В окна било яркое солнце, и по зеркалу прыгали слепящие зайчики. Грегор придирчиво осмотрел себя — белая, отглаженная так, что не осталось ни единой морщинки рубашка, черные брюки, аккуратно зачесанные кудри, венком обрамляющие высокий лоб. Музыкант собирался на банкет, который устраивал мэр Беличей, где должен был выступить с пианистом Натаном. Грегор достал из шкафа новый шелковый костюм, повязал элегантный галстук и, попрощавшись с матерью, вышел за порог.
Стояло лето: жаркое, горячее, белое. Ни облачка в небе, ни прохладного сквознячка. Хотелось забежать в магазин, купить килограмм мороженого и усесться в тени. Грегор вздохнул и ускорил шаг: он опаздывал. На улице резвились дети; пожилая няня толкала перед собой коляску с агукающим малышом; толстенький смешной котенок гонялся за бабочкой по газону; пожилой дворник сметал мусор с тротуара. Мимо промчалась ватага сорванцов, и Грегор, уступая дорогу, вскочил на бордюр. Котенок подкрался к музыканту и, мурлыкнув, растянулся кверху пузиком; Грегор пощекотал его за ушком, погладил серый бок. Кот довольно урчал.
И вдруг всё переменилось: хлестнул, будто кнутом, налетевший из-за угла ветер, солнце нырнуло в сизую брюхатую тучу, выползшую на небо ленивой змеей, а земля дрогнула под ногами. Полуденную тишину распорол громкий нянин визг: мальчишки и девчонки, и усатый дворник, и рабочий с сигареткой в зубах, и продавщица, выбежавшая поболтать с подружкой — все, все они исчезли. А на асфальт опускались цветы и листья, и мертвые птички с распростертыми крыльями, и пушистые бездвижные зверьки.

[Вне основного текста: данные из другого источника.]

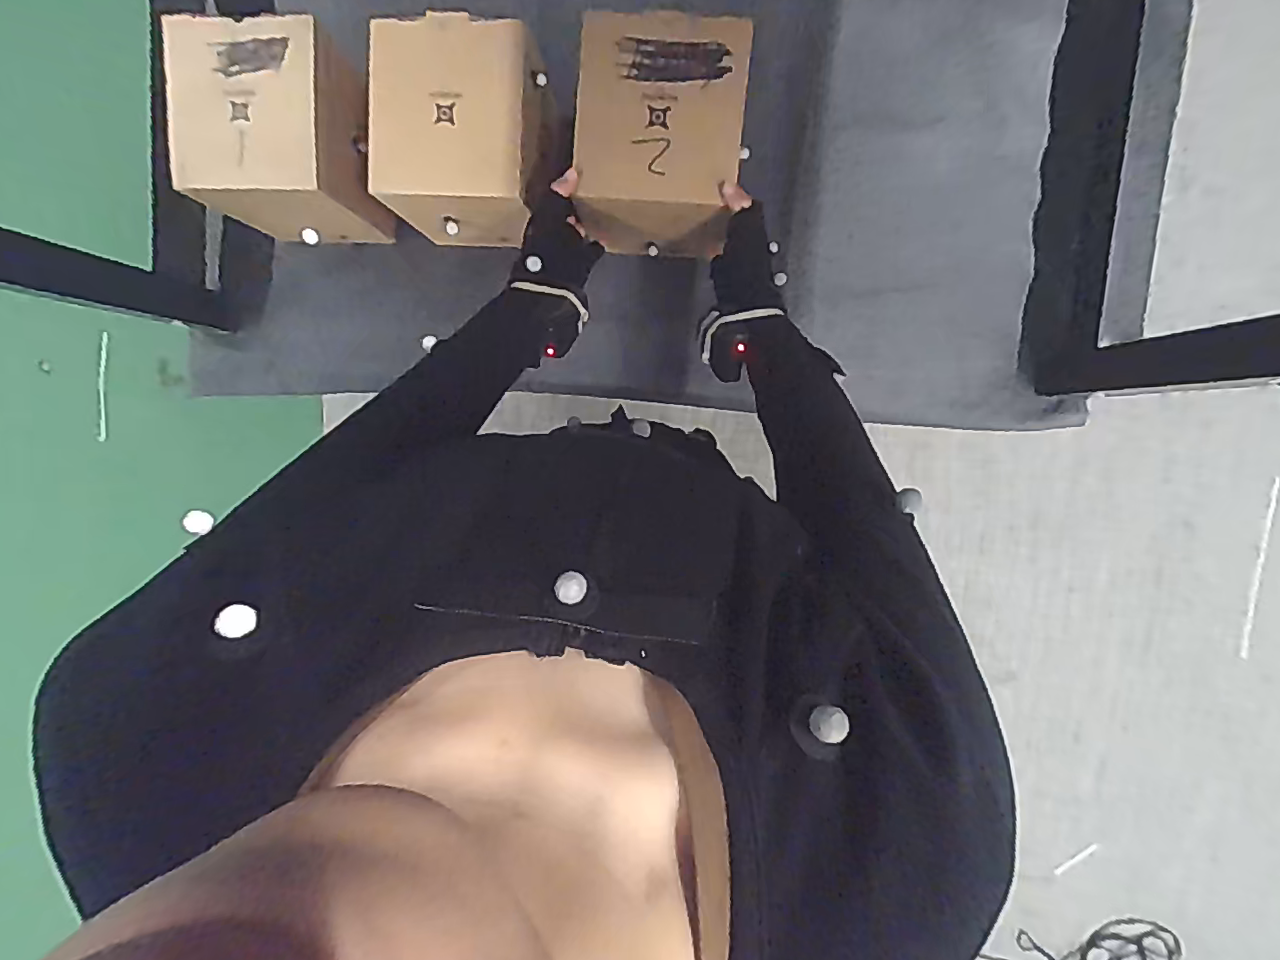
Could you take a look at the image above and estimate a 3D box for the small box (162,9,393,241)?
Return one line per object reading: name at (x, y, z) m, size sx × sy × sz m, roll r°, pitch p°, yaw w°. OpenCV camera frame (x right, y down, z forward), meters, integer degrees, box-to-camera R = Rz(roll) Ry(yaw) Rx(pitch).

К перекрестку катилась осиротевшая коляска, младенец заходился в плаче. Напротив магазина, на хлипкой скамеечке, трясся от страха пацан лет двенадцати. Котенок, заинтересовавшись птичками, спрыгнул на дорогу. Он, принюхиваясь, бродил между зверьков и птиц, трогал лапкой, такой же серый, пушистый. Только котенок был живым, а они — мертвыми.
Ощущение чего-то громоздкого, злого, неправильного пронизало Грегора. Оно было везде, отравляя тех, кто посмел коснуться его. Голову затуманило, в ушах звучали сливающиеся в хор голоса, перед глазами плавали цветные пятна. Дохнуло холодом, сумрачной, неясной угрозой, и день канул в мглистую, затягивающую круговерть позабытого сна…
Из магазина выбежал грузчик, широкоплечий детина в мятом фартуке, побледнел, схватился за сердце и обернулся запорошенной снегом еловой веткой. Снег тут же растаял, блестел на иголках каплями зябкой росы. Паренек, прильнув к ненадежной скамейке, рыдал и звал мать. Отдышавшийся Грегор огляделся вокруг и чуть не сорвался: ноги скользили, не в силах удержаться на узком бордюре.